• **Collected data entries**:
--*--
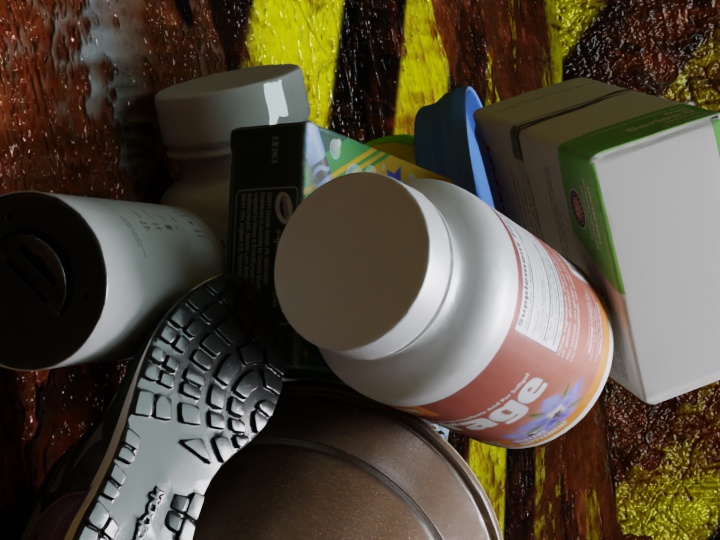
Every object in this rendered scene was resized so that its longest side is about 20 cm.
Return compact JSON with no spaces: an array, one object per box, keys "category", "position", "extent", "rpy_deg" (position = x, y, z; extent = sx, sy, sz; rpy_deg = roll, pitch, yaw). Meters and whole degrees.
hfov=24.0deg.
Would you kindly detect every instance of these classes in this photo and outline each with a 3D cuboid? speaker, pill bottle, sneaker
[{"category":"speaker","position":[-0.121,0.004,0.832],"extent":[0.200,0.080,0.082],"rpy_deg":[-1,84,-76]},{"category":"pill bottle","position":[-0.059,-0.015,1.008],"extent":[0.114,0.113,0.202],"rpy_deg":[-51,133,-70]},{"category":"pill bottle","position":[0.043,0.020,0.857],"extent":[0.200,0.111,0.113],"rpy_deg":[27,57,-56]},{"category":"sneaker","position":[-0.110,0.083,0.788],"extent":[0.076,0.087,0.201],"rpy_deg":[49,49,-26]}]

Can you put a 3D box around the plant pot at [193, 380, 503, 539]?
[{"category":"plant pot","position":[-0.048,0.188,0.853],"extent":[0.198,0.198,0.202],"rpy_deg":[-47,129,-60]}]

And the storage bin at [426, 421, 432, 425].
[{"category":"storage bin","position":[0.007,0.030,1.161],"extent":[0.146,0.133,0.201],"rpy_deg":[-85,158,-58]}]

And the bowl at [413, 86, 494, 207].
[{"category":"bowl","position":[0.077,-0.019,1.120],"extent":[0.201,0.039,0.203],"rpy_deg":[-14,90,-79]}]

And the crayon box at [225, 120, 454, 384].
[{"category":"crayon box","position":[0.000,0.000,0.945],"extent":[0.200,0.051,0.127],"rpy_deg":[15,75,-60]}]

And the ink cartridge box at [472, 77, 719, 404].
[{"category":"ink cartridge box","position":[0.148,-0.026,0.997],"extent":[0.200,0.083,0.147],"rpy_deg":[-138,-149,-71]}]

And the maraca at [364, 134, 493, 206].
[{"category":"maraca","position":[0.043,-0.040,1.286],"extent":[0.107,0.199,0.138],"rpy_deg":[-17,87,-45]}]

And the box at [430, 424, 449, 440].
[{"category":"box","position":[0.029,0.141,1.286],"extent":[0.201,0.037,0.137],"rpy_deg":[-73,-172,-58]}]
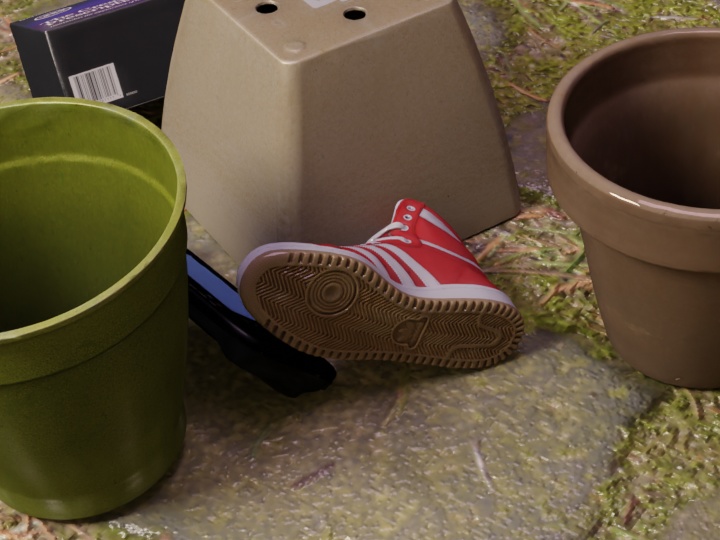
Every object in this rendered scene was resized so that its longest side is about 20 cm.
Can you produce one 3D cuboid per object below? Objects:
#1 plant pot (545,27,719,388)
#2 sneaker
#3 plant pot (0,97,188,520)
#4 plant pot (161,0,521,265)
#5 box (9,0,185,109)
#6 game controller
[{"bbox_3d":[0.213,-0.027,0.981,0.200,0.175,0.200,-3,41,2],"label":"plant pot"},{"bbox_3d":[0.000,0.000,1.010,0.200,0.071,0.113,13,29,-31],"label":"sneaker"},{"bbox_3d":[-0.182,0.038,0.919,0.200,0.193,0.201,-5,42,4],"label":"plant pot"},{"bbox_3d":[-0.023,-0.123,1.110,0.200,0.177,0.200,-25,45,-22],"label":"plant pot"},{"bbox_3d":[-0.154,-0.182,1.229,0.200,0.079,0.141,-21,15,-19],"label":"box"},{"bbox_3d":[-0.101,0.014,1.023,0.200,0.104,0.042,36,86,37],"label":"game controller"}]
--*--
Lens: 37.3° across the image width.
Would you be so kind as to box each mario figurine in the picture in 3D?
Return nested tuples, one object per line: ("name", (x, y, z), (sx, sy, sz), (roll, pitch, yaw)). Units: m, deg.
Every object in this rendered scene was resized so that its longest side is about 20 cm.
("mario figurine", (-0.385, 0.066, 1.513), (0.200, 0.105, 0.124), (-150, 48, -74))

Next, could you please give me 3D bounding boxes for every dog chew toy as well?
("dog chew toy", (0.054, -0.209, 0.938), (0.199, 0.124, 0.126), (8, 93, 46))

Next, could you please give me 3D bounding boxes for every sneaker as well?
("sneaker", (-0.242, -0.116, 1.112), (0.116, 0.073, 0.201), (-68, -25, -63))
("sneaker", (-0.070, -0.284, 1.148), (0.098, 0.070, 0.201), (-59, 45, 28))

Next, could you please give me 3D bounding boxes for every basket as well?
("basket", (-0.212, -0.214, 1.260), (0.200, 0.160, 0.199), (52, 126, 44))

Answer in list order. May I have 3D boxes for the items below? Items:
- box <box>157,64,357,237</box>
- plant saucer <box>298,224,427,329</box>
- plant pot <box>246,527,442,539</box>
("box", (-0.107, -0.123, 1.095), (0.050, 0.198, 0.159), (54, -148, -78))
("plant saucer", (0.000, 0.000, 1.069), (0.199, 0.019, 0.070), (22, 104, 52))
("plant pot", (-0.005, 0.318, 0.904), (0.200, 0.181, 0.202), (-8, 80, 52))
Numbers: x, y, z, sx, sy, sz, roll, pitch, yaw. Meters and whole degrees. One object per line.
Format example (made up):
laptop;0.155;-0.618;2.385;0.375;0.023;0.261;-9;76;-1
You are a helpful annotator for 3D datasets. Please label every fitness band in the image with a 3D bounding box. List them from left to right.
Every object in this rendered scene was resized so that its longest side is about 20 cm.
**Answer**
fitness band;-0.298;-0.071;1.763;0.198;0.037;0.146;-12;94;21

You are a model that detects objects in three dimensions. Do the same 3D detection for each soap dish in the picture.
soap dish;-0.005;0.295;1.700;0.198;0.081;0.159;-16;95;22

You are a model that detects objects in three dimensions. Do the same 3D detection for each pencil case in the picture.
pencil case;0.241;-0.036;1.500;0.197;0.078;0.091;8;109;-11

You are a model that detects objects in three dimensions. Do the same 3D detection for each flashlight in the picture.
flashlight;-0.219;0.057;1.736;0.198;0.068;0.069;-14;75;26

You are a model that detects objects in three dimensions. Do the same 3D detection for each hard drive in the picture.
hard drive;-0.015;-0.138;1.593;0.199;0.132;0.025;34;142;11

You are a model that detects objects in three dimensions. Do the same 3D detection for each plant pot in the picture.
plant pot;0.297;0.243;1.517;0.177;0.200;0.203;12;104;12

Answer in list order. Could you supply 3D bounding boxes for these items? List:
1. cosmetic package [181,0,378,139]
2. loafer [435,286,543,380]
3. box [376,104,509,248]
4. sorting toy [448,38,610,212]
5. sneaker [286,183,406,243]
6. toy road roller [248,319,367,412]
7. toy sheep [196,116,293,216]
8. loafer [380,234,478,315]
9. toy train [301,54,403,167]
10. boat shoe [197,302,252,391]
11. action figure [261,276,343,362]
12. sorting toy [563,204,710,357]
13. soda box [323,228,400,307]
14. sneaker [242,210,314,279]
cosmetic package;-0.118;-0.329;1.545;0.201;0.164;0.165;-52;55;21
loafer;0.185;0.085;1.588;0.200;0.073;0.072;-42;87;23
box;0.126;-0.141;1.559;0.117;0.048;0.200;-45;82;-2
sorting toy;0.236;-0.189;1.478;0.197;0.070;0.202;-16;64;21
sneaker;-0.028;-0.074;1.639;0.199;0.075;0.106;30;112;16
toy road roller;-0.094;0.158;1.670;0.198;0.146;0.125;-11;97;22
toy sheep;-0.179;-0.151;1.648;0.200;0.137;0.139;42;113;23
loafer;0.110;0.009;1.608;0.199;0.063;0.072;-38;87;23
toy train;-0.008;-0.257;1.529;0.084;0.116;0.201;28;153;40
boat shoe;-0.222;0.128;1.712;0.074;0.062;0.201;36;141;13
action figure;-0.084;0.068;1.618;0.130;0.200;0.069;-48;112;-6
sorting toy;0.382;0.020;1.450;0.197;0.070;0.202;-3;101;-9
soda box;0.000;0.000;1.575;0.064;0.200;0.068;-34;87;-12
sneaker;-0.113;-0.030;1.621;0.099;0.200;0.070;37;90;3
--*--
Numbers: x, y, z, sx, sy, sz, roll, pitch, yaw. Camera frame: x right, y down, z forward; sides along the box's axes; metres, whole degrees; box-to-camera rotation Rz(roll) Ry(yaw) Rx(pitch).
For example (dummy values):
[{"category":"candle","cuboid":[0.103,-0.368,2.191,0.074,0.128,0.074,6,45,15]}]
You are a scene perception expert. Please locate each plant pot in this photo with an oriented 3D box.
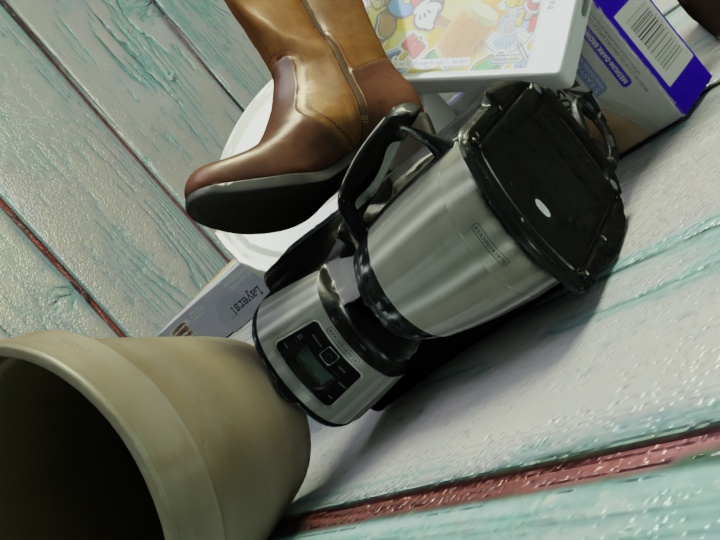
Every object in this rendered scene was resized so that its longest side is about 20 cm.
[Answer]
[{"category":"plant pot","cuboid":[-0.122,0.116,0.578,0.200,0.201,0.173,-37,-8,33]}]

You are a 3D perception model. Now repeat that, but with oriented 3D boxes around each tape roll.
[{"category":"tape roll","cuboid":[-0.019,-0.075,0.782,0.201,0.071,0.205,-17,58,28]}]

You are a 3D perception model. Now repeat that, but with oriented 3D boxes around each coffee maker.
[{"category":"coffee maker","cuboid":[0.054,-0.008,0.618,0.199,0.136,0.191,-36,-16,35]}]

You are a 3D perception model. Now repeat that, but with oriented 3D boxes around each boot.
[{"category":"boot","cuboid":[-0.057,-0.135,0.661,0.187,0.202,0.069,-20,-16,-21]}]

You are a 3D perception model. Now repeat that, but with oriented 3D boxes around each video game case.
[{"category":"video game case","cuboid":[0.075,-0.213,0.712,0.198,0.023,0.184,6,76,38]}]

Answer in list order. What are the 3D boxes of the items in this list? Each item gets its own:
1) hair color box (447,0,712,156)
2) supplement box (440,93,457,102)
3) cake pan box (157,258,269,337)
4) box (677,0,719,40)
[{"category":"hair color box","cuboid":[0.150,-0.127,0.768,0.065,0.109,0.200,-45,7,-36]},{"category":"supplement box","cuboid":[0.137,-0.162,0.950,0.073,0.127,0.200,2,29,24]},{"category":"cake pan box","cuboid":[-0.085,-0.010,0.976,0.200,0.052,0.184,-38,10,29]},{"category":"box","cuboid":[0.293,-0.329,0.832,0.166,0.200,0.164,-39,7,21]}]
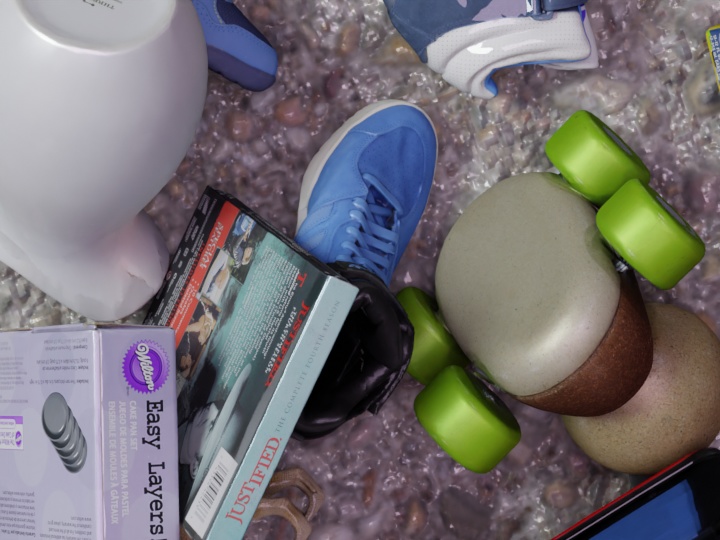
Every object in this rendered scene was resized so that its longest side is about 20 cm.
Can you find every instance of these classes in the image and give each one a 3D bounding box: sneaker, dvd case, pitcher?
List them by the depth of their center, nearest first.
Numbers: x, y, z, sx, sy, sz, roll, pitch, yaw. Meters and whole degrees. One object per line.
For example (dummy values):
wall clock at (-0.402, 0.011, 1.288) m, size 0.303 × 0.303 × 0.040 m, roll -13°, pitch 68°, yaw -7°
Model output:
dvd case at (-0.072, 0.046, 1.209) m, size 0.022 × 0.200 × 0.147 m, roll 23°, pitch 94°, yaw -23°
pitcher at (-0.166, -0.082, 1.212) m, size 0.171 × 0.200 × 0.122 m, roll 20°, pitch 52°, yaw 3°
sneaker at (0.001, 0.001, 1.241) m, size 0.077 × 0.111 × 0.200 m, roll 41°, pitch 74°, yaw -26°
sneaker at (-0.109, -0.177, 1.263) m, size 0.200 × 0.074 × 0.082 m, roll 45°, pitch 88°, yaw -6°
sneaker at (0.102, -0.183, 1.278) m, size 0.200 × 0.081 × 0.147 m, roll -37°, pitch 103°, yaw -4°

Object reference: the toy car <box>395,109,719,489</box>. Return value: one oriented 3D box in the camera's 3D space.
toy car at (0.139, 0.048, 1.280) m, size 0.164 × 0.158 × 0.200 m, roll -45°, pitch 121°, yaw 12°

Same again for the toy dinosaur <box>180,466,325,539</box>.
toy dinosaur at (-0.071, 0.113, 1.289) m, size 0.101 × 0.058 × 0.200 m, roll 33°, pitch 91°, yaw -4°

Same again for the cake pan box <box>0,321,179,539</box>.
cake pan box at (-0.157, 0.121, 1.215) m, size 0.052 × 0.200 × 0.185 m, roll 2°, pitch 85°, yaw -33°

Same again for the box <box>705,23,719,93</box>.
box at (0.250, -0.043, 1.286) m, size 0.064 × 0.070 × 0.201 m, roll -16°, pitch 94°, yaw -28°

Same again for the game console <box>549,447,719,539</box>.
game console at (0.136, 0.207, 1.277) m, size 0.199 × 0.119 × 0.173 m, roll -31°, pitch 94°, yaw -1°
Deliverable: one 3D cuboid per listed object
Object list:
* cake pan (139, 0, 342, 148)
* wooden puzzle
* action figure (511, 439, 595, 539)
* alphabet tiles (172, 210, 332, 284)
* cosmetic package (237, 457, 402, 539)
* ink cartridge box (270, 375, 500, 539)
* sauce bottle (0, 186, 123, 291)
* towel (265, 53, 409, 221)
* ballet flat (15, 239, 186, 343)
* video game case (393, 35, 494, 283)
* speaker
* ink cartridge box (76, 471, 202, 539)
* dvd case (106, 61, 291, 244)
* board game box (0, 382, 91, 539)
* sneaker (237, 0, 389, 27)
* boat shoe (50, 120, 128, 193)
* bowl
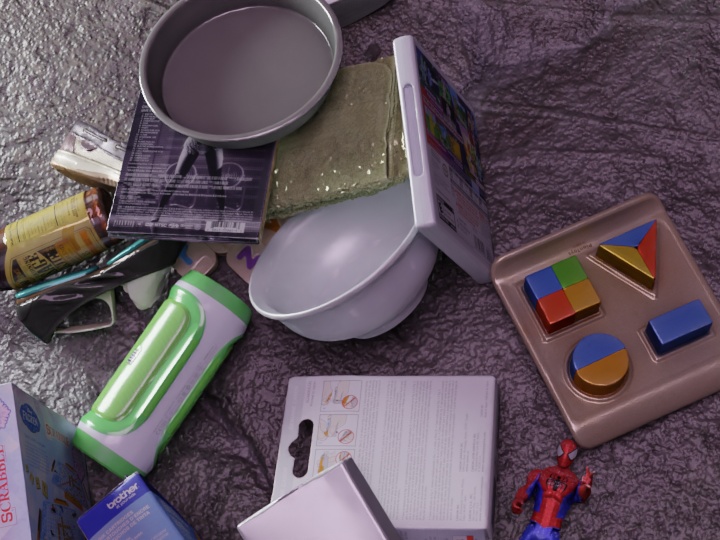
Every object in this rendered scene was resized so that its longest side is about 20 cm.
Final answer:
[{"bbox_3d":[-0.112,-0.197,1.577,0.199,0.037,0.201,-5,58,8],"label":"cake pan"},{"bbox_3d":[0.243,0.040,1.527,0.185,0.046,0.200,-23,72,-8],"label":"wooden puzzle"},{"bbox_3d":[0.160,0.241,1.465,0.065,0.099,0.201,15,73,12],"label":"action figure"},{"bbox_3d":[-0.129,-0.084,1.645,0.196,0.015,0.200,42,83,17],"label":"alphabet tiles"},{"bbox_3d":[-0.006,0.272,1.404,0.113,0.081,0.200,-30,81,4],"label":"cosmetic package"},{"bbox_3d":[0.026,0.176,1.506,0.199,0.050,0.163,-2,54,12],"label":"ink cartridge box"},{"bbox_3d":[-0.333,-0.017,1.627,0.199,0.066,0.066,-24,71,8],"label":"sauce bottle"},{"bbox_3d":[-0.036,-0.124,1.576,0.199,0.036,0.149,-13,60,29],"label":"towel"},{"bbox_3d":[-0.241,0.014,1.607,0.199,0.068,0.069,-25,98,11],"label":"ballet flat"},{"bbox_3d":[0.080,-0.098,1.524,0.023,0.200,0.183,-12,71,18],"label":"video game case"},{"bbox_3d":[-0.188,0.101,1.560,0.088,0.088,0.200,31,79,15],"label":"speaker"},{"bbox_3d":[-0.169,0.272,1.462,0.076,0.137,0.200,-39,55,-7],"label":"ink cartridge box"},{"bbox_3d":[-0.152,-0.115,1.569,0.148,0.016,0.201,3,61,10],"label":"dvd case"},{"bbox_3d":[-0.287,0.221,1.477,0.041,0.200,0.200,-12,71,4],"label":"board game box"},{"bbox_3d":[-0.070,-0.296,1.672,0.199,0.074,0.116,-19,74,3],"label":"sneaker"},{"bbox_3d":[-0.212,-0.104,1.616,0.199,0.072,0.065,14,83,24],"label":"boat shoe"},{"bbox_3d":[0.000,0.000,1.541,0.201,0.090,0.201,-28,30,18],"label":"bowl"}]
--*--
When a line in the data above contains the string "image", copy that line.

Lens: 37.3° across the image width.
You are a helpful annotator for 3D datasets. Please label every fitness band in the image with a 3D bounding box. List them from left to right.
Can you find every instance of these classes in the image and give each one a 3D bounding box: sneaker, dvd case, pitcher?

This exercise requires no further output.